• Provided records:
■ ■ ■
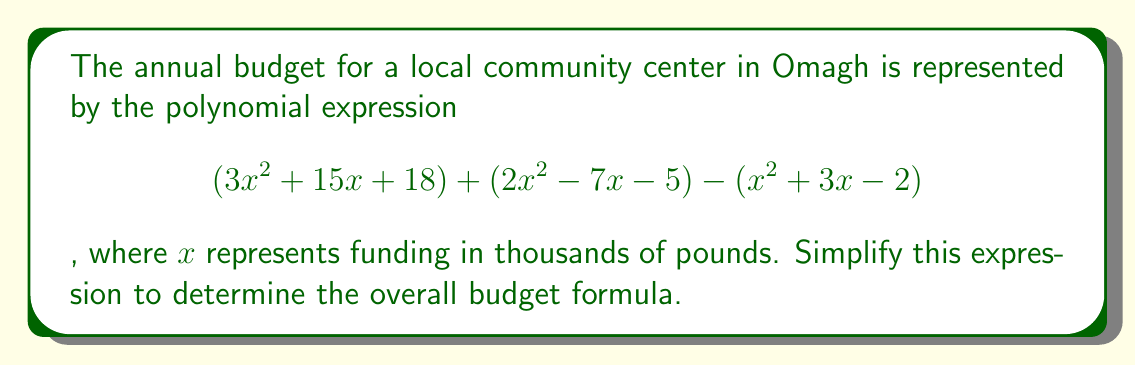Can you answer this question? To simplify this polynomial expression, we need to combine like terms:

1. Group the terms with $x^2$:
   $$(3x^2) + (2x^2) - (x^2) = 4x^2$$

2. Group the terms with $x$:
   $$(15x) + (-7x) - (3x) = 5x$$

3. Group the constant terms:
   $$(18) + (-5) - (-2) = 15$$

4. Combine the results from steps 1, 2, and 3:
   $$4x^2 + 5x + 15$$

This simplified expression represents the overall budget formula for the community center.
Answer: $$4x^2 + 5x + 15$$ 
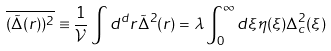Convert formula to latex. <formula><loc_0><loc_0><loc_500><loc_500>\overline { ( \tilde { \Delta } ( r ) ) ^ { 2 } } \equiv \frac { 1 } { \mathcal { V } } \int d ^ { d } r \tilde { \Delta } ^ { 2 } ( r ) = \lambda \int _ { 0 } ^ { \infty } d \xi \eta ( \xi ) \Delta _ { c } ^ { 2 } ( \xi )</formula> 
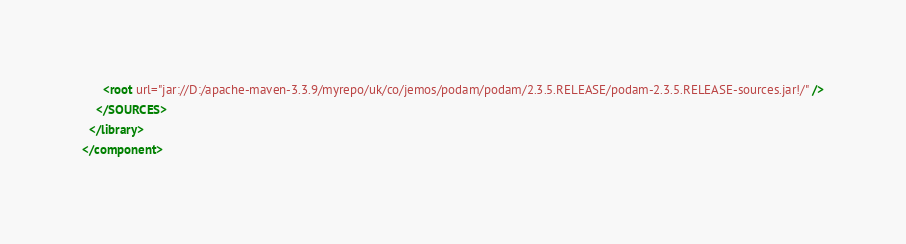<code> <loc_0><loc_0><loc_500><loc_500><_XML_>      <root url="jar://D:/apache-maven-3.3.9/myrepo/uk/co/jemos/podam/podam/2.3.5.RELEASE/podam-2.3.5.RELEASE-sources.jar!/" />
    </SOURCES>
  </library>
</component></code> 
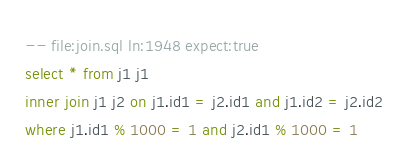<code> <loc_0><loc_0><loc_500><loc_500><_SQL_>-- file:join.sql ln:1948 expect:true
select * from j1 j1
inner join j1 j2 on j1.id1 = j2.id1 and j1.id2 = j2.id2
where j1.id1 % 1000 = 1 and j2.id1 % 1000 = 1
</code>
■ ■ ■
Your task is to restate word for word the lines from the top of the data to the line containing "3. Group the", both ends included, with every picture left out.

Can you answer this question? To simplify this polynomial expression, we need to combine like terms:

1. Group the terms with $x^2$:
   $$(3x^2) + (2x^2) - (x^2) = 4x^2$$

2. Group the terms with $x$:
   $$(15x) + (-7x) - (3x) = 5x$$

3. Group the constant terms:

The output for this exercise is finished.